WHAT THE TASK REQUIRES:
Below are records to be copied exactly; their pictures are to be omitted.

*** DATA FOR THIS TASK ***

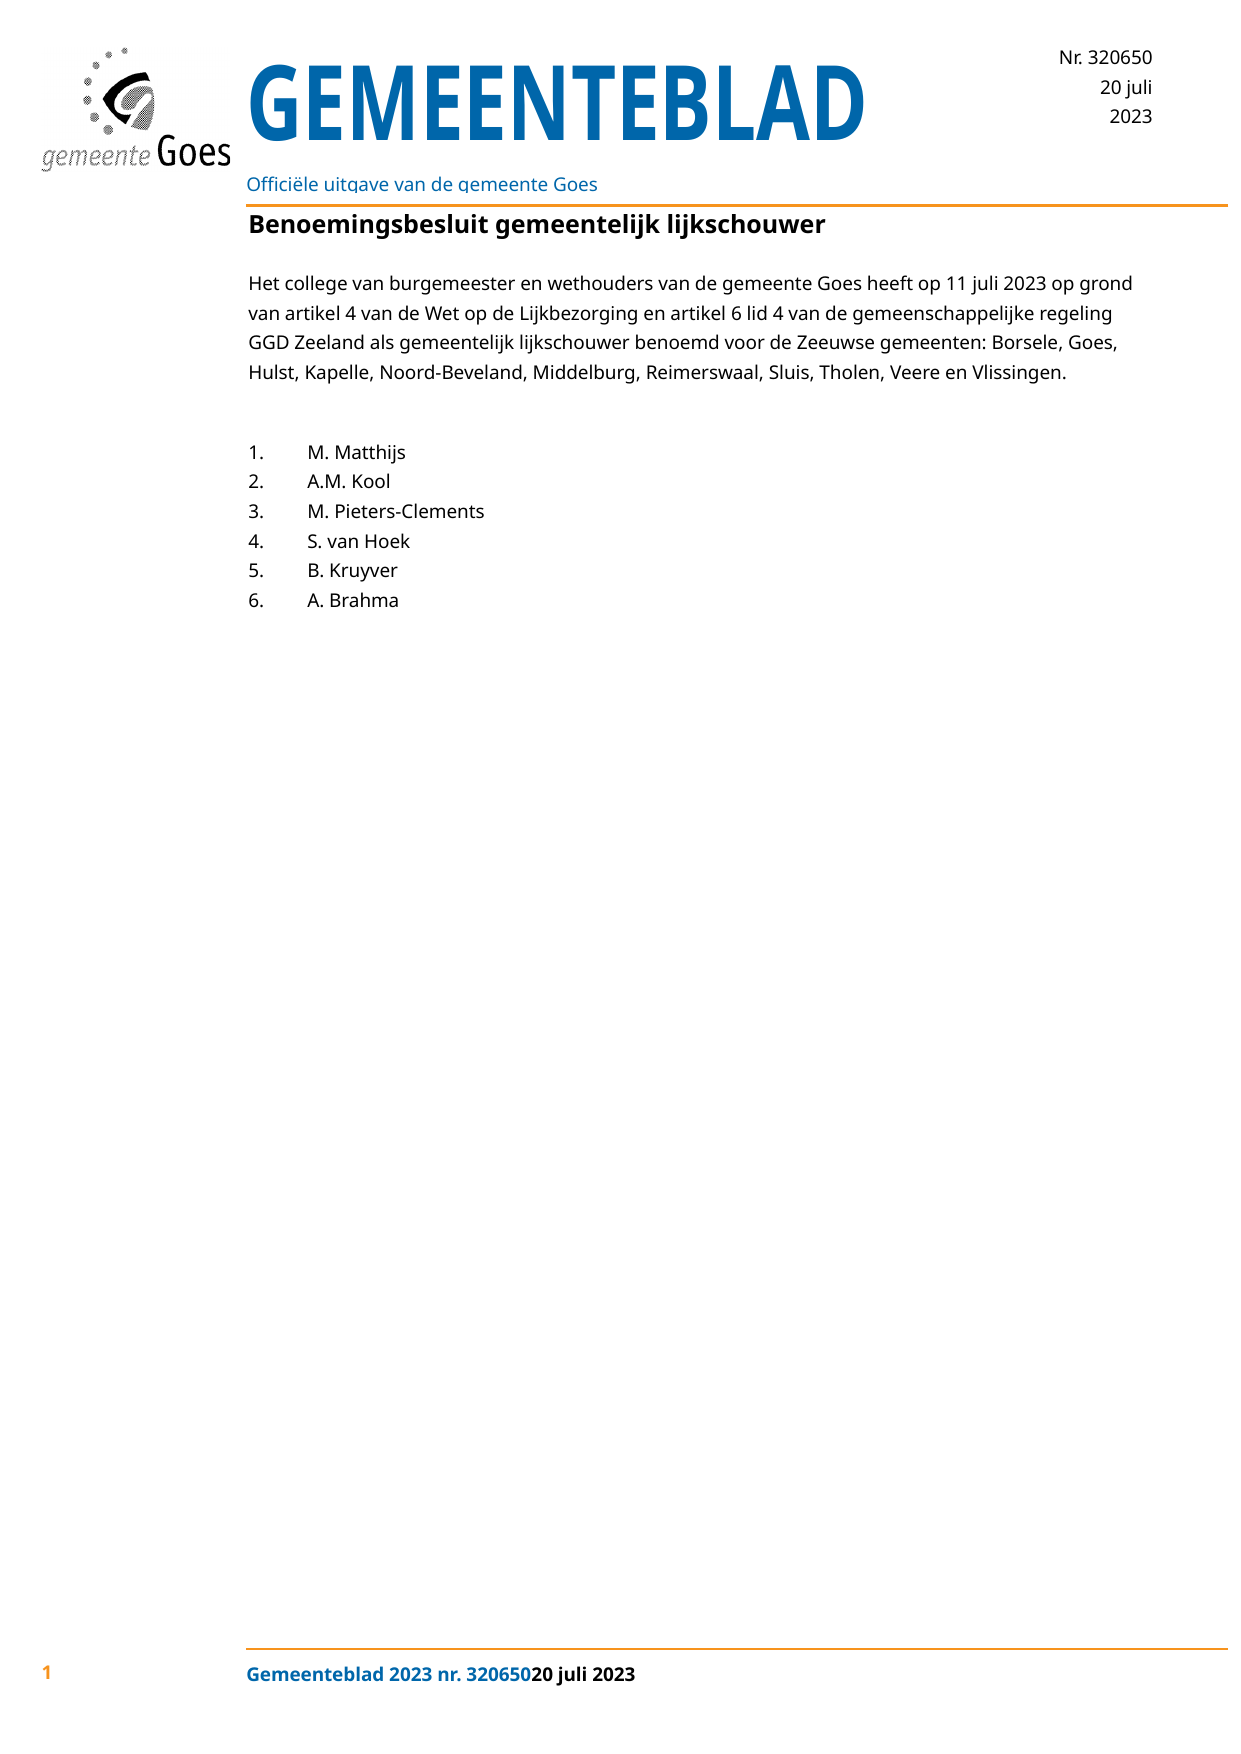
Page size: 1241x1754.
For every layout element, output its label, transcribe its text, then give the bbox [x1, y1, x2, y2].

text Benoemingsbesluit gemeentelijk lijkschouwer [248, 207, 1152, 241]
picture [41, 47, 231, 172]
list A.M. Kool [248, 469, 1152, 494]
text Het college van burgemeester en wethouders van de gemeente Goes heeft op 11 juli 2023 op grond van artikel 4 van de Wet op de Lijkbezorging en artikel 6 lid 4 van de gemeenschappelijke regeling GGD Zeeland als gemeentelijk lijkschouwer benoemd voor de Zeeuwse gemeenten: Borsele, Goes, Hulst, Kapelle, Noord-Beveland, Middelburg, Reimerswaal, Sluis, Tholen, Veere en Vlissingen. [248, 270, 1152, 385]
list M. Matthijs [248, 439, 1152, 465]
list B. Kruyver [248, 557, 1152, 583]
list S. van Hoek [248, 528, 1152, 553]
list A. Brahma [248, 587, 1152, 613]
list M. Pieters-Clements [248, 498, 1152, 524]
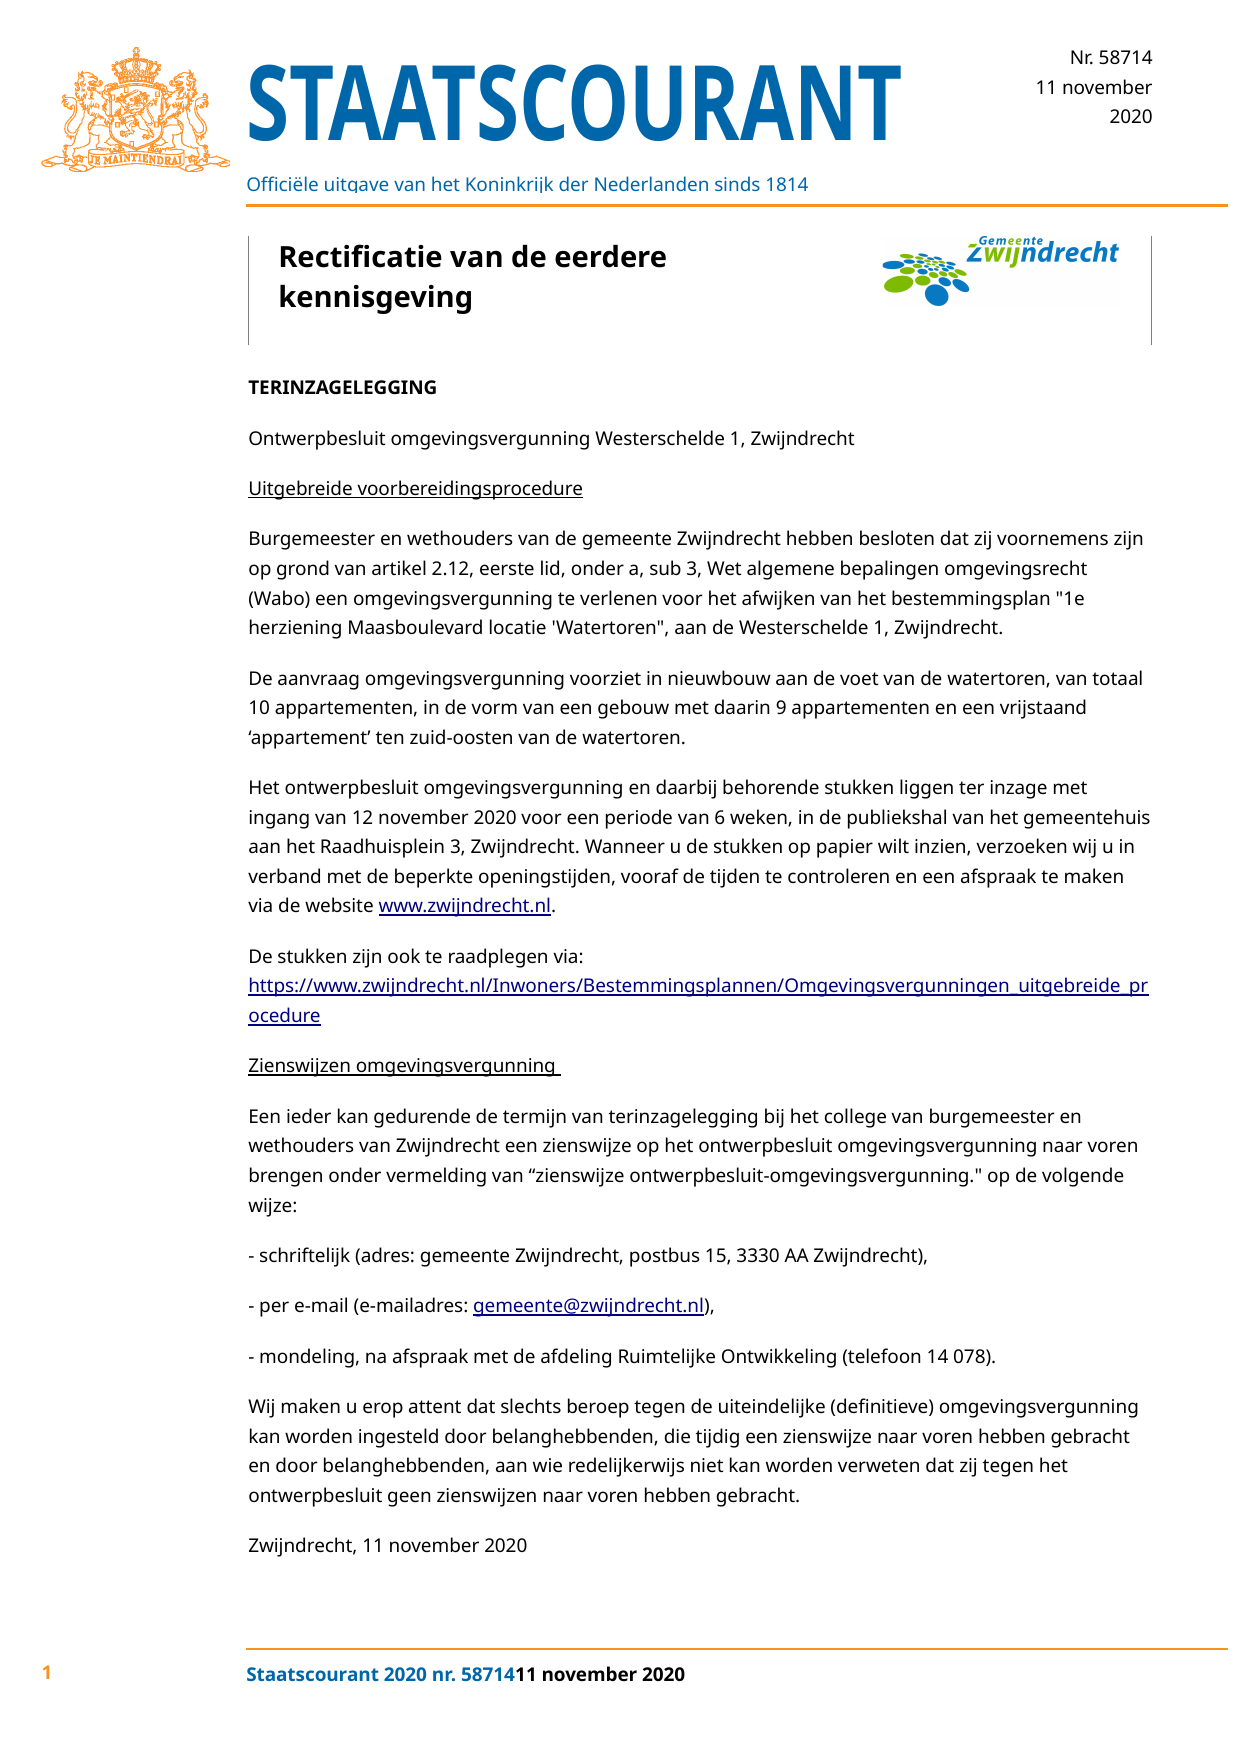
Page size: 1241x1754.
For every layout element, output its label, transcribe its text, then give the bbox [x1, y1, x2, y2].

text Burgemeester en wethouders van de gemeente Zwijndrecht hebben besloten dat zij voornemens zijn op grond van artikel 2.12, eerste lid, onder a, sub 3, Wet algemene bepalingen omgevingsrecht (Wabo) een omgevingsvergunning te verlenen voor het afwijken van het bestemmingsplan "1e herziening Maasboulevard locatie 'Watertoren", aan de Westerschelde 1, Zwijndrecht. [248, 526, 1152, 640]
text Uitgebreide voorbereidingsprocedure [248, 475, 1152, 501]
text - schriftelijk (adres: gemeente Zwijndrecht, postbus 15, 3330 AA Zwijndrecht), [248, 1242, 1152, 1268]
table_header Rectificatie van de eerdere kennisgeving [249, 236, 850, 345]
picture [882, 236, 1119, 306]
text De stukken zijn ook te raadplegen via: https://www.zwijndrecht.nl/Inwoners/Bestemmingsplannen/Omgevingsvergunningen_uitgebreide_procedure [248, 943, 1152, 1028]
text Wij maken u erop attent dat slechts beroep tegen de uiteindelijke (definitieve) omgevingsvergunning kan worden ingesteld door belanghebbenden, die tijdig een zienswijze naar voren hebben gebracht en door belanghebbenden, aan wie redelijkerwijs niet kan worden verweten dat zij tegen het ontwerpbesluit geen zienswijzen naar voren hebben gebracht. [248, 1393, 1152, 1508]
text TERINZAGELEGGING [248, 374, 1152, 400]
text - mondeling, na afspraak met de afdeling Ruimtelijke Ontwikkeling (telefoon 14 078). [248, 1343, 1152, 1369]
text De aanvraag omgevingsvergunning voorziet in nieuwbouw aan de voet van de watertoren, van totaal 10 appartementen, in de vorm van een gebouw met daarin 9 appartementen en een vrijstaand ‘appartement’ ten zuid-oosten van de watertoren. [248, 665, 1152, 749]
picture [41, 47, 231, 172]
text Het ontwerpbesluit omgevingsvergunning en daarbij behorende stukken liggen ter inzage met ingang van 12 november 2020 voor een periode van 6 weken, in de publiekshal van het gemeentehuis aan het Raadhuisplein 3, Zwijndrecht. Wanneer u de stukken op papier wilt inzien, verzoeken wij u in verband met de beperkte openingstijden, vooraf de tijden te controleren en een afspraak te maken via de website www.zwijndrecht.nl. [248, 774, 1152, 918]
text Ontwerpbesluit omgevingsvergunning Westerschelde 1, Zwijndrecht [248, 425, 1152, 450]
text Een ieder kan gedurende de termijn van terinzagelegging bij het college van burgemeester en wethouders van Zwijndrecht een zienswijze op het ontwerpbesluit omgevingsvergunning naar voren brengen onder vermelding van “zienswijze ontwerpbesluit-omgevingsvergunning." op de volgende wijze: [248, 1103, 1152, 1217]
table_header [850, 236, 1151, 345]
text Zienswijzen omgevingsvergunning [248, 1053, 1152, 1078]
text Zwijndrecht, 11 november 2020 [248, 1533, 1152, 1558]
text - per e-mail (e-mailadres: gemeente@zwijndrecht.nl), [248, 1293, 1152, 1318]
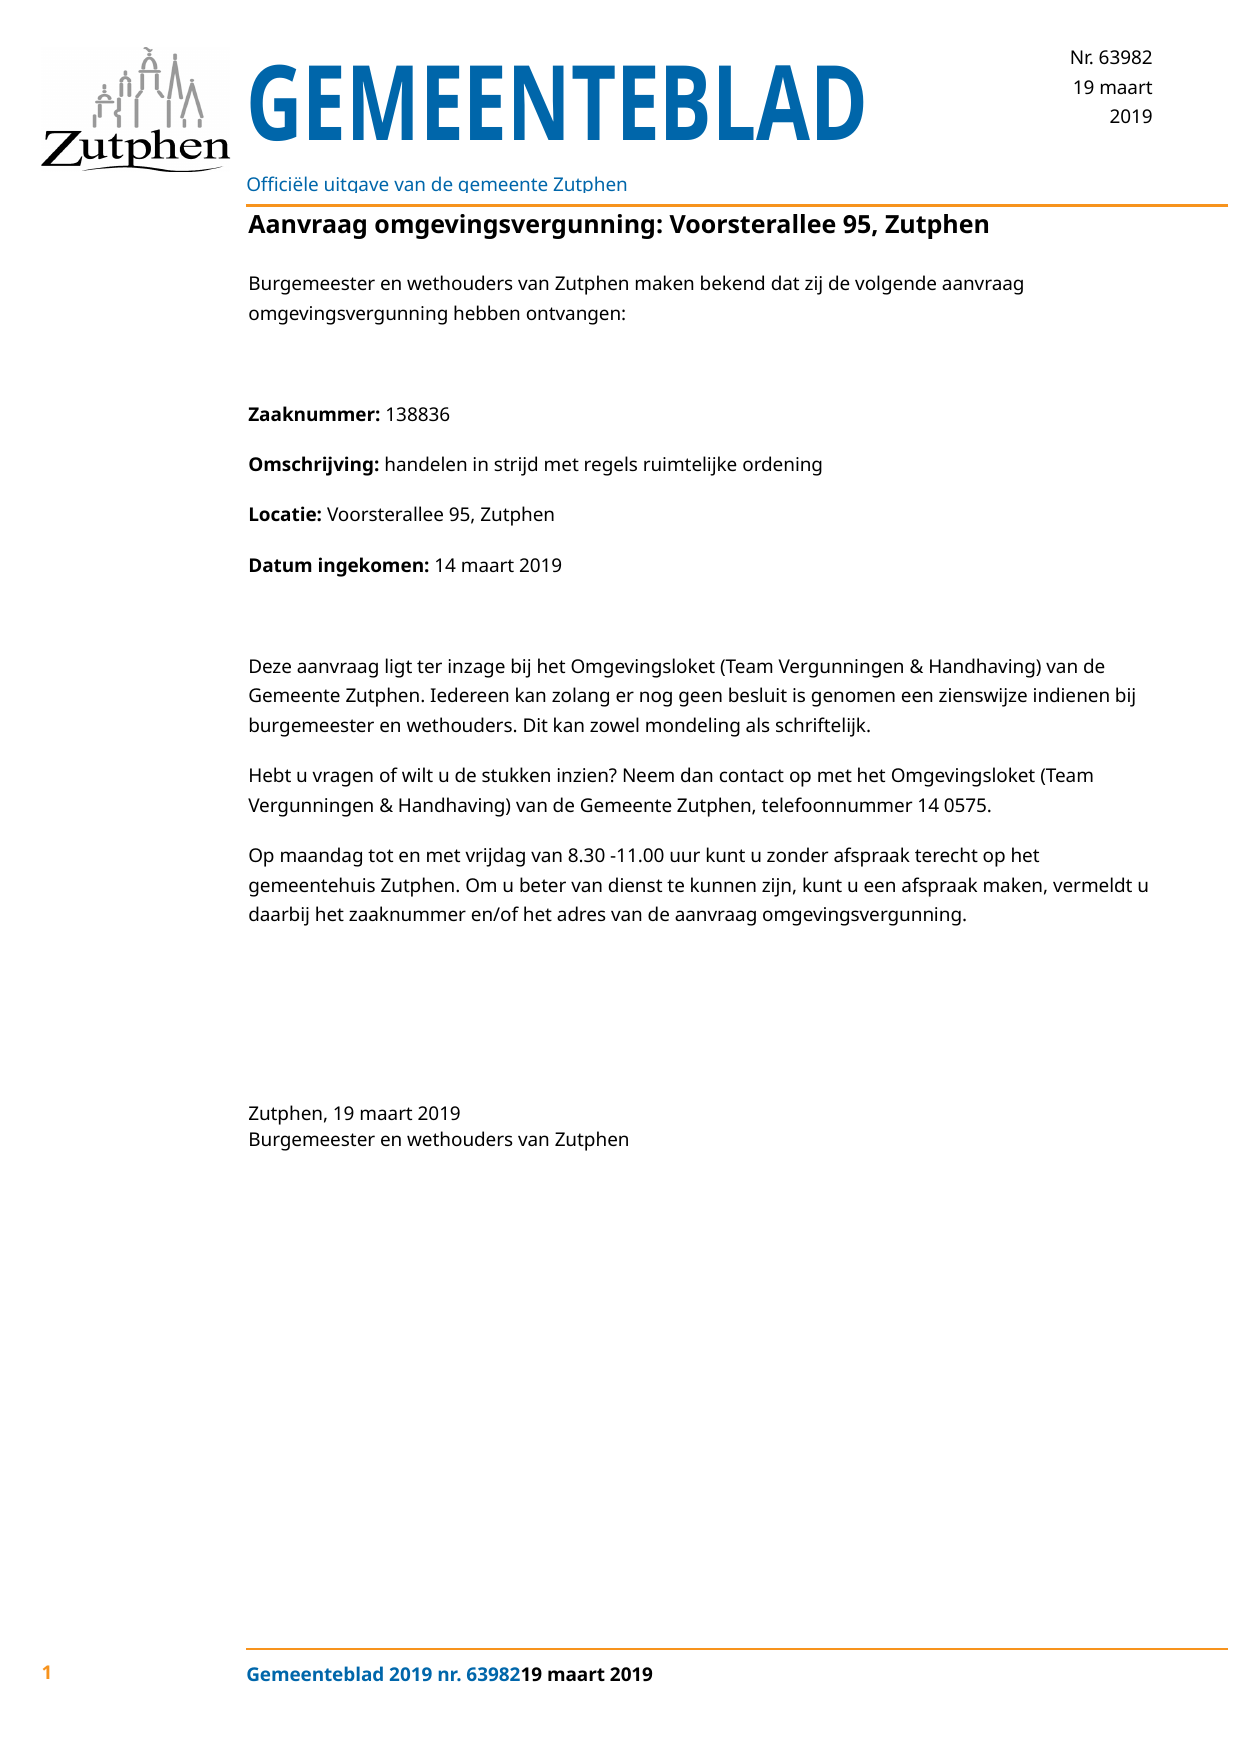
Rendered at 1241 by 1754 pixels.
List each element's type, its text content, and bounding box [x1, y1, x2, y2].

text Burgemeester en wethouders van Zutphen maken bekend dat zij de volgende aanvraag omgevingsvergunning hebben ontvangen: [248, 270, 1152, 326]
text Datum ingekomen: 14 maart 2019 [248, 552, 1152, 578]
text Aanvraag omgevingsvergunning: Voorsterallee 95, Zutphen [248, 207, 1152, 241]
text Op maandag tot en met vrijdag van 8.30 -11.00 uur kunt u zonder afspraak terecht op het gemeentehuis Zutphen. Om u beter van dienst te kunnen zijn, kunt u een afspraak maken, vermeldt u daarbij het zaaknummer en/of het adres van de aanvraag omgevingsvergunning. [248, 842, 1152, 927]
text Zaaknummer: 138836 [248, 401, 1152, 426]
text Omschrijving: handelen in strijd met regels ruimtelijke ordening [248, 451, 1152, 477]
text Burgemeester en wethouders van Zutphen [248, 1126, 1152, 1152]
text Hebt u vragen of wilt u de stukken inzien? Neem dan contact op met het Omgevingsloket (Team Vergunningen & Handhaving) van de Gemeente Zutphen, telefoonnummer 14 0575. [248, 762, 1152, 818]
picture [41, 47, 231, 172]
text Zutphen, 19 maart 2019 [248, 1101, 1152, 1126]
text Locatie: Voorsterallee 95, Zutphen [248, 502, 1152, 527]
text Deze aanvraag ligt ter inzage bij het Omgevingsloket (Team Vergunningen & Handhaving) van de Gemeente Zutphen. Iedereen kan zolang er nog geen besluit is genomen een zienswijze indienen bij burgemeester en wethouders. Dit kan zowel mondeling als schriftelijk. [248, 653, 1152, 738]

*** End of DATA FOR THIS TASK ***

RESULT OF THE TASK:
Page size: 1241x1754.
For every layout element, output its label, transcribe its text, then give the bbox [x1, y1, x2, y2].

text Benoemingsbesluit gemeentelijk lijkschouwer [248, 207, 1152, 241]
picture [41, 47, 231, 172]
list A.M. Kool [248, 469, 1152, 494]
text Het college van burgemeester en wethouders van de gemeente Goes heeft op 11 juli 2023 op grond van artikel 4 van de Wet op de Lijkbezorging en artikel 6 lid 4 van de gemeenschappelijke regeling GGD Zeeland als gemeentelijk lijkschouwer benoemd voor de Zeeuwse gemeenten: Borsele, Goes, Hulst, Kapelle, Noord-Beveland, Middelburg, Reimerswaal, Sluis, Tholen, Veere en Vlissingen. [248, 270, 1152, 385]
list M. Matthijs [248, 439, 1152, 465]
list B. Kruyver [248, 557, 1152, 583]
list S. van Hoek [248, 528, 1152, 553]
list A. Brahma [248, 587, 1152, 613]
list M. Pieters-Clements [248, 498, 1152, 524]
Page size: 1241x1754.
For every layout element, output its label, transcribe its text, then give the bbox [x1, y1, x2, y2].

text Burgemeester en wethouders van de gemeente Zwijndrecht hebben besloten dat zij voornemens zijn op grond van artikel 2.12, eerste lid, onder a, sub 3, Wet algemene bepalingen omgevingsrecht (Wabo) een omgevingsvergunning te verlenen voor het afwijken van het bestemmingsplan "1e herziening Maasboulevard locatie 'Watertoren", aan de Westerschelde 1, Zwijndrecht. [248, 526, 1152, 640]
text Uitgebreide voorbereidingsprocedure [248, 475, 1152, 501]
text - schriftelijk (adres: gemeente Zwijndrecht, postbus 15, 3330 AA Zwijndrecht), [248, 1242, 1152, 1268]
table_header Rectificatie van de eerdere kennisgeving [249, 236, 850, 345]
picture [882, 236, 1119, 306]
text De stukken zijn ook te raadplegen via: https://www.zwijndrecht.nl/Inwoners/Bestemmingsplannen/Omgevingsvergunningen_uitgebreide_procedure [248, 943, 1152, 1028]
text Wij maken u erop attent dat slechts beroep tegen de uiteindelijke (definitieve) omgevingsvergunning kan worden ingesteld door belanghebbenden, die tijdig een zienswijze naar voren hebben gebracht en door belanghebbenden, aan wie redelijkerwijs niet kan worden verweten dat zij tegen het ontwerpbesluit geen zienswijzen naar voren hebben gebracht. [248, 1393, 1152, 1508]
text TERINZAGELEGGING [248, 374, 1152, 400]
text - mondeling, na afspraak met de afdeling Ruimtelijke Ontwikkeling (telefoon 14 078). [248, 1343, 1152, 1369]
text De aanvraag omgevingsvergunning voorziet in nieuwbouw aan de voet van de watertoren, van totaal 10 appartementen, in de vorm van een gebouw met daarin 9 appartementen en een vrijstaand ‘appartement’ ten zuid-oosten van de watertoren. [248, 665, 1152, 749]
picture [41, 47, 231, 172]
text Het ontwerpbesluit omgevingsvergunning en daarbij behorende stukken liggen ter inzage met ingang van 12 november 2020 voor een periode van 6 weken, in de publiekshal van het gemeentehuis aan het Raadhuisplein 3, Zwijndrecht. Wanneer u de stukken op papier wilt inzien, verzoeken wij u in verband met de beperkte openingstijden, vooraf de tijden te controleren en een afspraak te maken via de website www.zwijndrecht.nl. [248, 774, 1152, 918]
text Ontwerpbesluit omgevingsvergunning Westerschelde 1, Zwijndrecht [248, 425, 1152, 450]
text Een ieder kan gedurende de termijn van terinzagelegging bij het college van burgemeester en wethouders van Zwijndrecht een zienswijze op het ontwerpbesluit omgevingsvergunning naar voren brengen onder vermelding van “zienswijze ontwerpbesluit-omgevingsvergunning." op de volgende wijze: [248, 1103, 1152, 1217]
table_header [850, 236, 1151, 345]
text Zienswijzen omgevingsvergunning [248, 1053, 1152, 1078]
text Zwijndrecht, 11 november 2020 [248, 1533, 1152, 1558]
text - per e-mail (e-mailadres: gemeente@zwijndrecht.nl), [248, 1293, 1152, 1318]
Rendered at 1241 by 1754 pixels.
List each element's type, its text content, and bounding box [x1, y1, x2, y2].

text Burgemeester en wethouders van Zutphen maken bekend dat zij de volgende aanvraag omgevingsvergunning hebben ontvangen: [248, 270, 1152, 326]
text Datum ingekomen: 14 maart 2019 [248, 552, 1152, 578]
text Aanvraag omgevingsvergunning: Voorsterallee 95, Zutphen [248, 207, 1152, 241]
text Op maandag tot en met vrijdag van 8.30 -11.00 uur kunt u zonder afspraak terecht op het gemeentehuis Zutphen. Om u beter van dienst te kunnen zijn, kunt u een afspraak maken, vermeldt u daarbij het zaaknummer en/of het adres van de aanvraag omgevingsvergunning. [248, 842, 1152, 927]
text Zaaknummer: 138836 [248, 401, 1152, 426]
text Omschrijving: handelen in strijd met regels ruimtelijke ordening [248, 451, 1152, 477]
text Burgemeester en wethouders van Zutphen [248, 1126, 1152, 1152]
text Hebt u vragen of wilt u de stukken inzien? Neem dan contact op met het Omgevingsloket (Team Vergunningen & Handhaving) van de Gemeente Zutphen, telefoonnummer 14 0575. [248, 762, 1152, 818]
picture [41, 47, 231, 172]
text Zutphen, 19 maart 2019 [248, 1101, 1152, 1126]
text Locatie: Voorsterallee 95, Zutphen [248, 502, 1152, 527]
text Deze aanvraag ligt ter inzage bij het Omgevingsloket (Team Vergunningen & Handhaving) van de Gemeente Zutphen. Iedereen kan zolang er nog geen besluit is genomen een zienswijze indienen bij burgemeester en wethouders. Dit kan zowel mondeling als schriftelijk. [248, 653, 1152, 738]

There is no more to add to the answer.